From The Poet's View documentary film series, which features intimate profiles of Kay Ryan, John Ashbery, Louise Glück, Anthony Hecht, W. S. Merwin, and C. K. Williams. Available in the Poetry Store.

Transcript

The first poets that I attached to, the first one that I felt was somehow characterologically close to me was the French poet Baudelaire. And then I studied Yeats and Eliot in school and Yeats became very important to me, and then the German poet Rilke. And then from then I've always had a master or two, someone, some poet who I felt I was learning from. Sometimes it was George Herbert, sometimes it was Robert Lowell, Elizabeth Bishop, Robert Frost—the list is really endless; I seem to be an eternal student in poetry. When I go through a period when I don't have someone who I feel is teaching me, I can feel bereft.

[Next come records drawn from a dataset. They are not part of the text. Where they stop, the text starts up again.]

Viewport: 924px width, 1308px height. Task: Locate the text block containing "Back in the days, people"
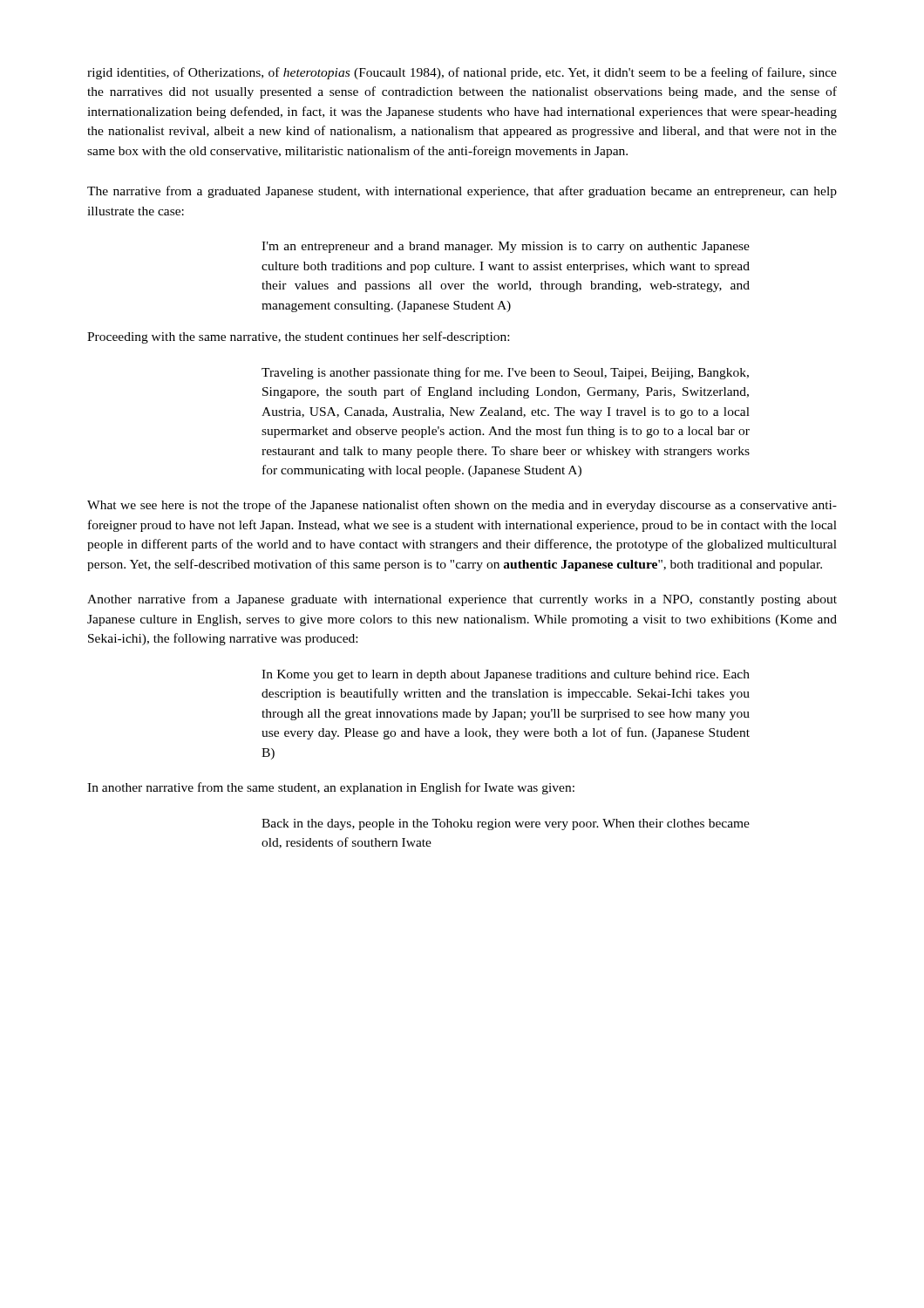[506, 832]
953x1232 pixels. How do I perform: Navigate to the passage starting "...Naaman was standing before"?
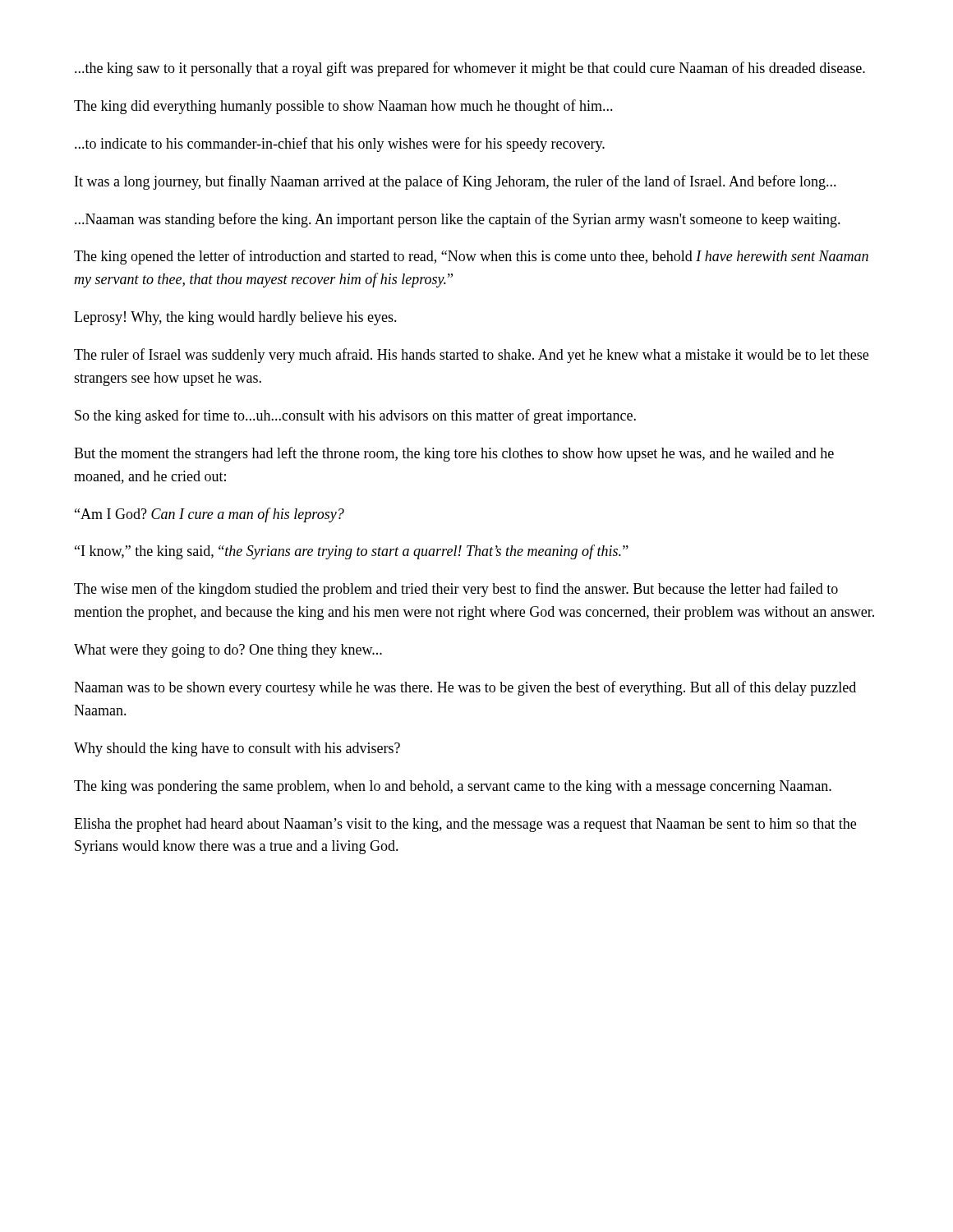coord(457,219)
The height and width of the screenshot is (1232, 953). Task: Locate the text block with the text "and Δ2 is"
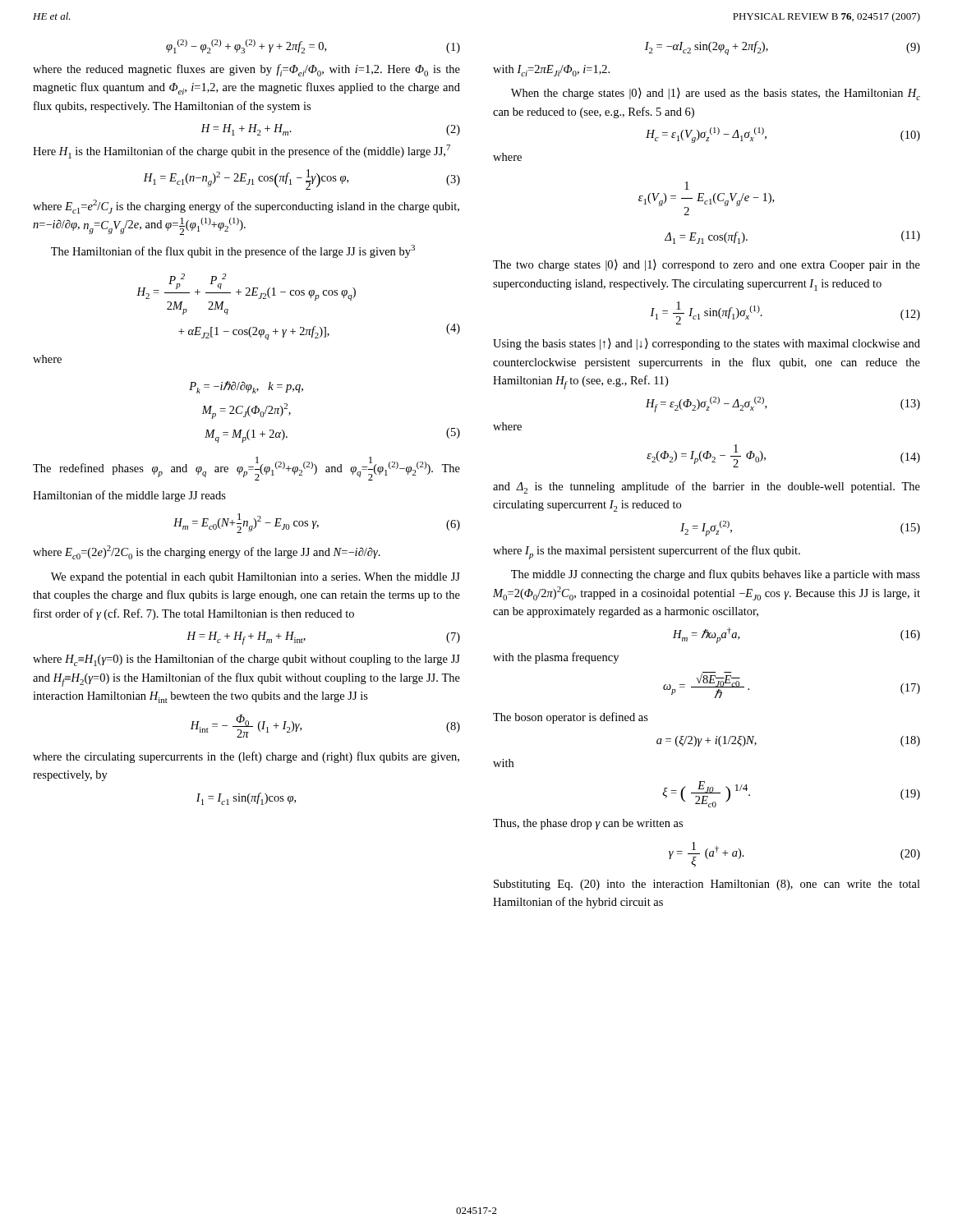(x=707, y=496)

People say that my poetry is political—I tend to think of it not so much as political, as being as conscious as it can be. And if you're as conscious of yourself as you can be, then of necessity you include, let's call them social and cultural tensions rather than political tensions. And there are times when I've had to be careful that I didn't become too political in my poems, that I didn't become too shrill or too...propagandistic, one would say. But I find that it's impossible not to think of these things when I think of myself, of my own life, and then of my work which comes out of my own life.